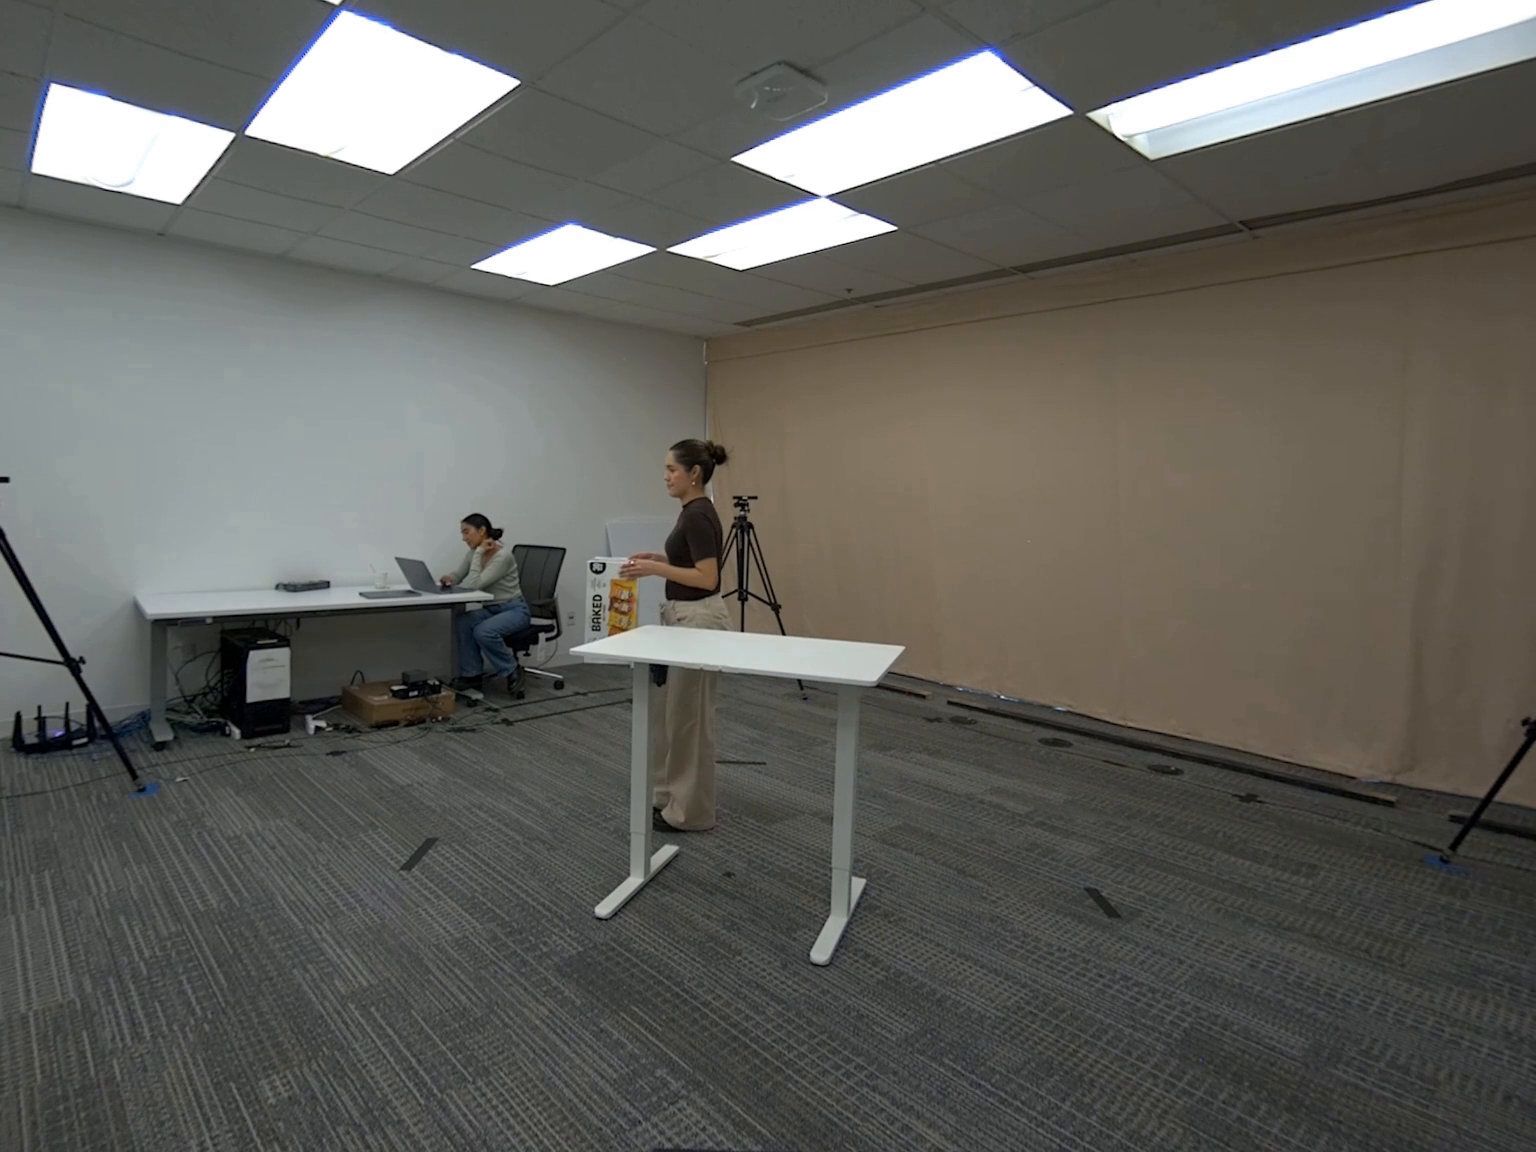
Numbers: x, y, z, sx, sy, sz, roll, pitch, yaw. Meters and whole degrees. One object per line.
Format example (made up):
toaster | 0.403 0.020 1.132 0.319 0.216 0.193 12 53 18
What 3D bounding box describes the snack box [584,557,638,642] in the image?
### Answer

--

| Exercise |
Repeat the material above verbatim. Leave the pictures behind.

| Worked solution |
Numbers: x, y, z, sx, sy, sz, roll, pitch, yaw. Meters and whole degrees. One object per line.
Format example (made up):
toaster | 0.403 0.020 1.132 0.319 0.216 0.193 12 53 18
What 3D bounding box describes the snack box [584,557,638,642] in the image?
### Answer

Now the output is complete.